[Stored data]
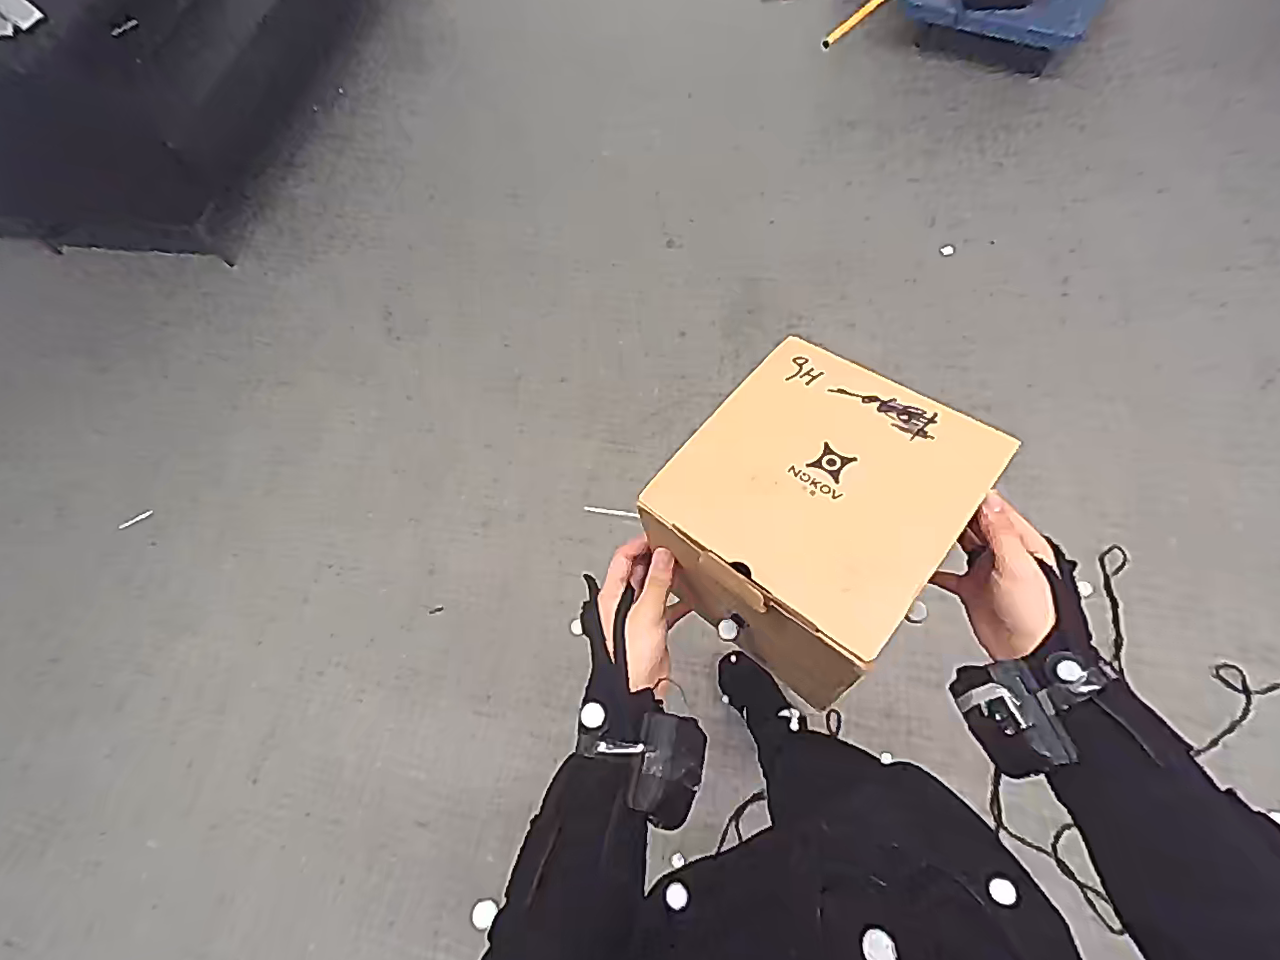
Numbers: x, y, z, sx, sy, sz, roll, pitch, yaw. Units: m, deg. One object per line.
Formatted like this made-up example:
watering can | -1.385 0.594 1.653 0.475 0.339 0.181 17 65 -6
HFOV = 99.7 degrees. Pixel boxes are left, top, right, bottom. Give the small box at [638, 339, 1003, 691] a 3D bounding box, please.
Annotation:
small box | 0.126 0.034 0.416 0.168 0.176 0.179 35 72 26
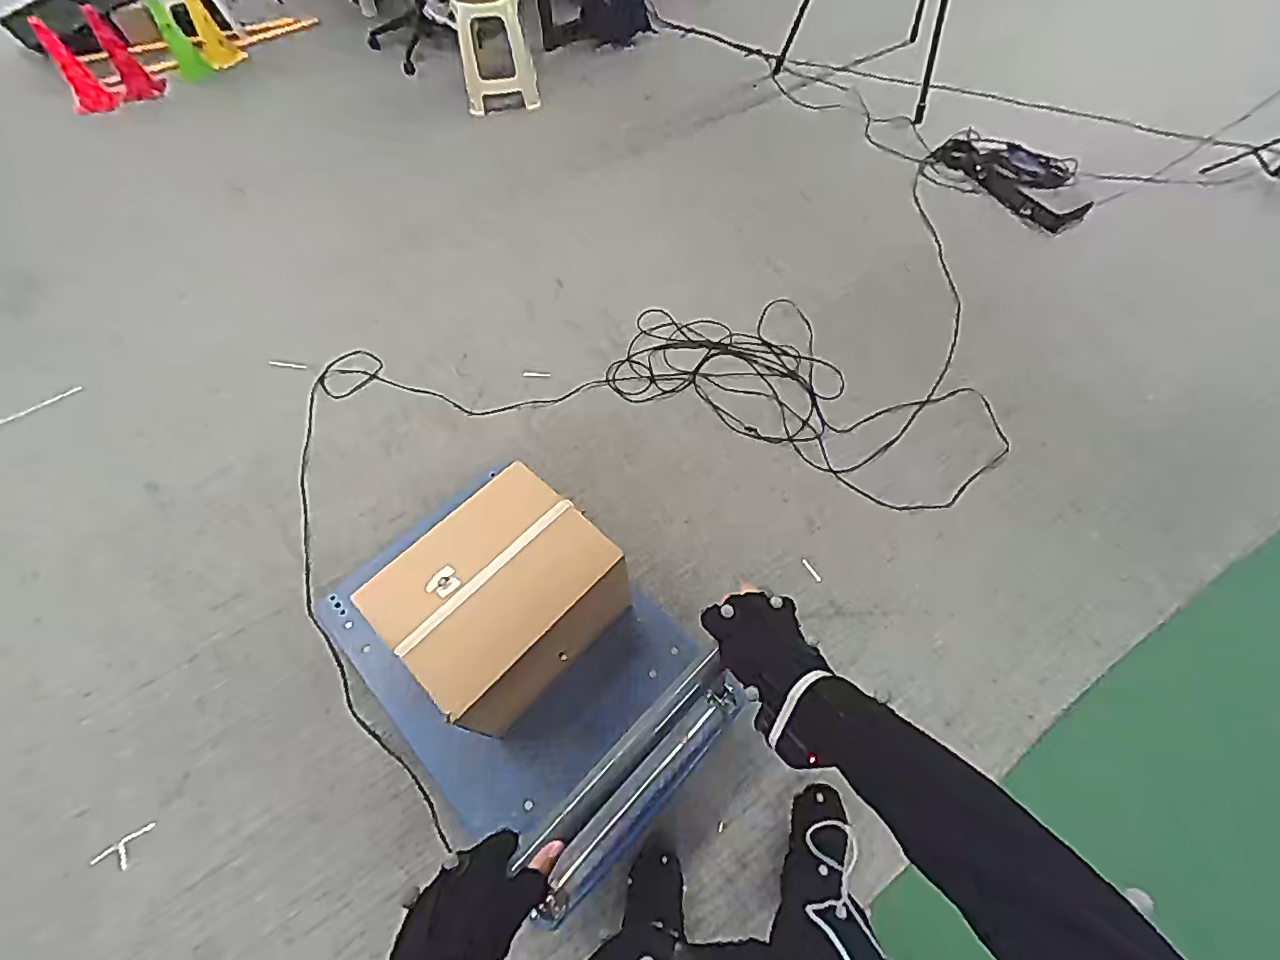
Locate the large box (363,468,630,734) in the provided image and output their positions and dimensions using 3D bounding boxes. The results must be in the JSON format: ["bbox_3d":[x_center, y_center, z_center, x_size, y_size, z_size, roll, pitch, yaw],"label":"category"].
[{"bbox_3d":[-0.267,0.260,1.144,0.320,0.320,0.408,38,69,22],"label":"large box"}]

◆ **What the task asks**
Retype the records above exactly, and keep any picture out of what you write.

◆ **Your solution**
Numbers: x, y, z, sx, sy, sz, roll, pitch, yaw. Units: m, deg. One object per line.
Formatted like this made-up example:
watering can | -1.385 0.594 1.653 0.475 0.339 0.181 17 65 -6
HFOV = 99.7 degrees. Pixel boxes are left, top, right, bottom. Give the small box at [638, 339, 1003, 691] a 3D bounding box, please.
Annotation:
small box | 0.126 0.034 0.416 0.168 0.176 0.179 35 72 26
Locate the large box (363,468,630,734) in the provided image and output their positions and dimensions using 3D bounding boxes. The results must be in the JSON format: ["bbox_3d":[x_center, y_center, z_center, x_size, y_size, z_size, roll, pitch, yaw],"label":"category"].
[{"bbox_3d":[-0.267,0.260,1.144,0.320,0.320,0.408,38,69,22],"label":"large box"}]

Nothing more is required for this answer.